Objections to some of the specific details contained within Act 10 could have been raised and addressed if the legislation had been introduced and considered via the normal legislative procedures. Fixing any constitutional defects during the drafting process could have been a simple matter. Instead, the bill was introduced and passed without public scrutiny or debate. This litigation once again demonstrates the truth to the adage that “haste makes waste.”
I am sympathetic to the argument that hard fought legislative accomplishments should not be undone by after the fact court challenges. Judges should presume the constitutionality of statutes, unless challengers overcome such a presumption. Such judicial deference accords finality to the actions of the legislative branch. However, complaints about litigation undoing the hard work of the legislature ring hollow when they come from an Attorney General that ostentatiously joined in the litigation seeking to overturn ObamaCare.
The conservative “noise machine”– consisting of ersatz news media, think tank “experts,” and political campaign consultants — will no doubt seek to mold public opinion in this case. They will ignore the merits of the legal claims at issue and try to convince the public that any adverse ruling is the result of one partisan judge acting without legal authority. Of course, the consequence of such a strategy is to intimidate judges who might otherwise give legal claims against the State a fair hearing, and also to steadily undermine the public’s confidence in the legal system.

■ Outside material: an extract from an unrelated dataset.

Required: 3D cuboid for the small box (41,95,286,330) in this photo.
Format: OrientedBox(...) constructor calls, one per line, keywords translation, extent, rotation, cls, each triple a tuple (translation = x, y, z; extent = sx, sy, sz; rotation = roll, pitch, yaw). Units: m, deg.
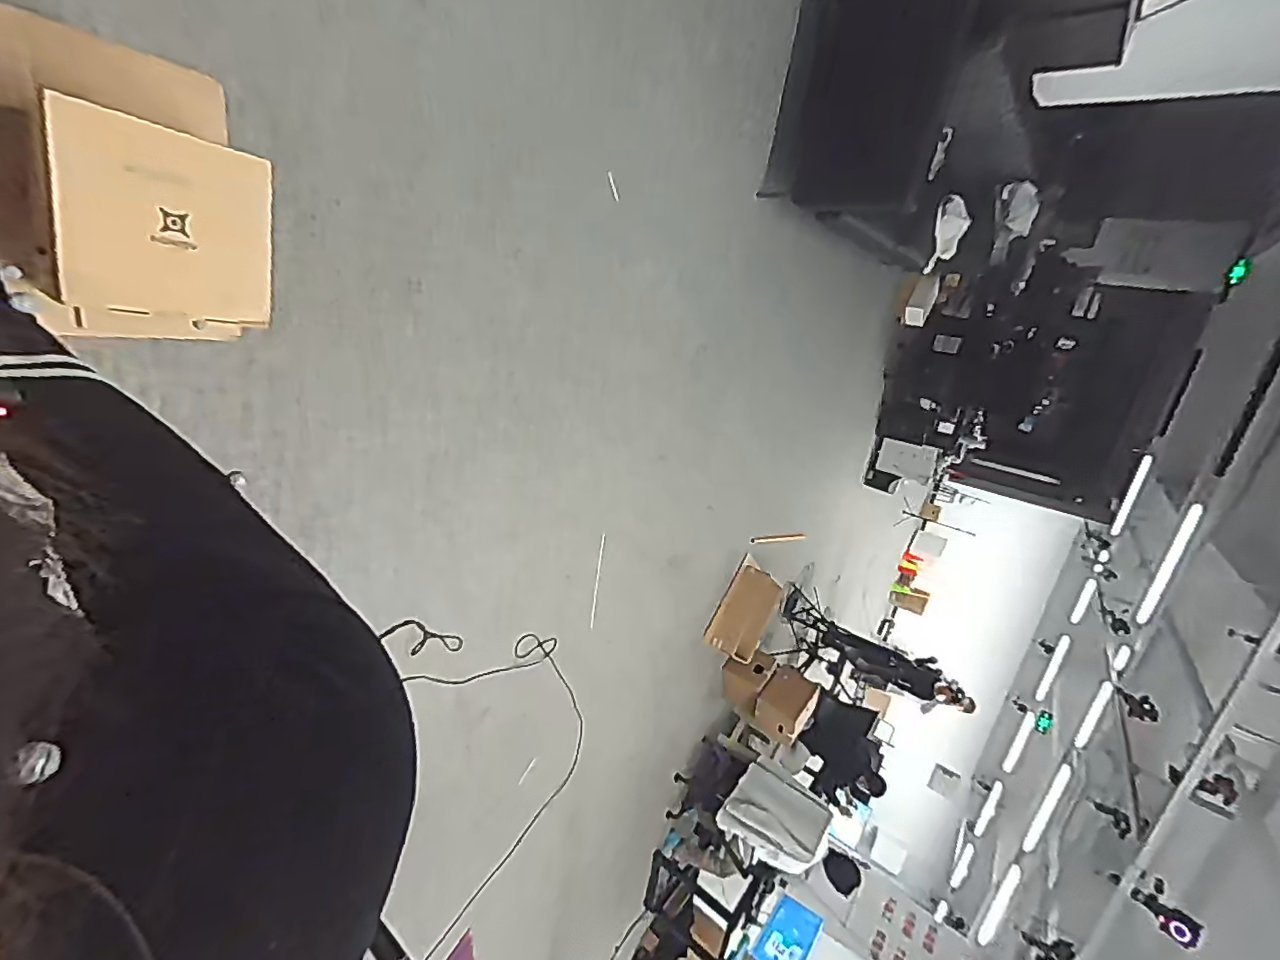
OrientedBox(translation=(-0.504, -0.269, 0.578), extent=(0.168, 0.176, 0.179), rotation=(-9, 113, -51), cls="small box")
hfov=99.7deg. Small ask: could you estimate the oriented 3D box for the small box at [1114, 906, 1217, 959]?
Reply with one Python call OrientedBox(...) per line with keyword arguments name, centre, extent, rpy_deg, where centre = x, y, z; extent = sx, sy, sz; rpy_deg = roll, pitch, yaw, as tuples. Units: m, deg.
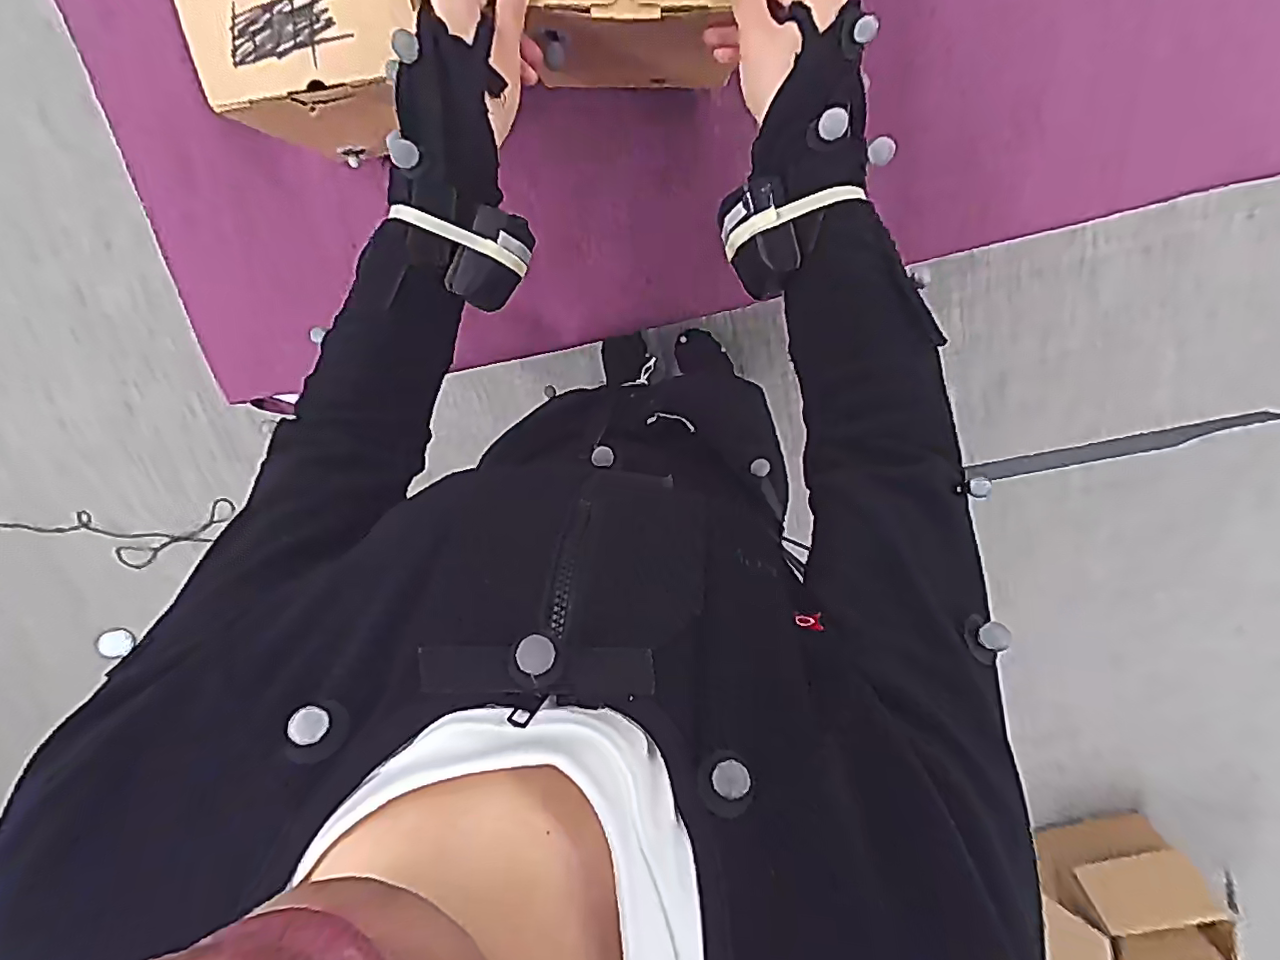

Members of the State Bar should refuse to play along with this game. By all means, we should feel free to criticize the reasoning of Judge Colas’ opinion. His application of the precedent to the specific provisions of Act 10 is fair game for critical analysis. However, anyone who has been following the nationwide litigation concerning public employee bargaining rights must recognize that Judge Colas was correct to take the plaintiff’s constitutional arguments seriously.